Input for this task:
------------------------------------------------
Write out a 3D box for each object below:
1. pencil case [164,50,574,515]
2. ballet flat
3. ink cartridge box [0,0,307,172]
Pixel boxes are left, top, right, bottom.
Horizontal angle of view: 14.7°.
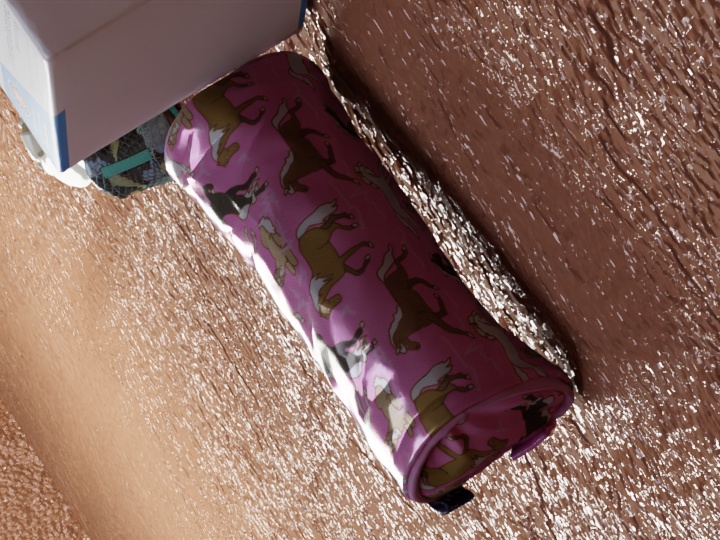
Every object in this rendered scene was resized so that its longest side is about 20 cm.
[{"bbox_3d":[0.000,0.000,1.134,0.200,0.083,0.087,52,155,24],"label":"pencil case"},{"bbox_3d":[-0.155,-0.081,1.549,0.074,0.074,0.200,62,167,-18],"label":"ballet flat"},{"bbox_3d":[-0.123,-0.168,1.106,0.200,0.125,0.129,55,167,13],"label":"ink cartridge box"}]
------------------------------------------------
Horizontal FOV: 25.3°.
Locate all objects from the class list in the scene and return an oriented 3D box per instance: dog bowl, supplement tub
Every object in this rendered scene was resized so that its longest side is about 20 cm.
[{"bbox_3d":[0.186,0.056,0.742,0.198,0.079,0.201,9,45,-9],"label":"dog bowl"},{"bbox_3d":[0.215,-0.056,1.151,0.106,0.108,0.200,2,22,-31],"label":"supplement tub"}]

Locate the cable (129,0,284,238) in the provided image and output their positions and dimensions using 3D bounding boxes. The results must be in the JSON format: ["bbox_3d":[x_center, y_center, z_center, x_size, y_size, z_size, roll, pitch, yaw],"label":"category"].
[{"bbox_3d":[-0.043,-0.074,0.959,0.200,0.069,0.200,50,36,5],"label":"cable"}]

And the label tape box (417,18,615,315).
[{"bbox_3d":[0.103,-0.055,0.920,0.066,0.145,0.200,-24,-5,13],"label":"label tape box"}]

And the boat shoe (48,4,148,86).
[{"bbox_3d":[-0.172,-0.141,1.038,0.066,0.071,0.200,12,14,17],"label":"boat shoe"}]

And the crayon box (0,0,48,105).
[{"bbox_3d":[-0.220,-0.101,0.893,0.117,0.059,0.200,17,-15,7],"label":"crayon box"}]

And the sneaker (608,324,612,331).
------------------------------------------------
In the listing above, locate the line containing "Locate the cable" and the line containing "And the sneaker (608,324,612,331).", then transcribe both and every line between them verbatim.

Locate the cable (129,0,284,238) in the provided image and output their positions and dimensions using 3D bounding boxes. The results must be in the JSON format: ["bbox_3d":[x_center, y_center, z_center, x_size, y_size, z_size, roll, pitch, yaw],"label":"category"].
[{"bbox_3d":[-0.043,-0.074,0.959,0.200,0.069,0.200,50,36,5],"label":"cable"}]

And the label tape box (417,18,615,315).
[{"bbox_3d":[0.103,-0.055,0.920,0.066,0.145,0.200,-24,-5,13],"label":"label tape box"}]

And the boat shoe (48,4,148,86).
[{"bbox_3d":[-0.172,-0.141,1.038,0.066,0.071,0.200,12,14,17],"label":"boat shoe"}]

And the crayon box (0,0,48,105).
[{"bbox_3d":[-0.220,-0.101,0.893,0.117,0.059,0.200,17,-15,7],"label":"crayon box"}]

And the sneaker (608,324,612,331).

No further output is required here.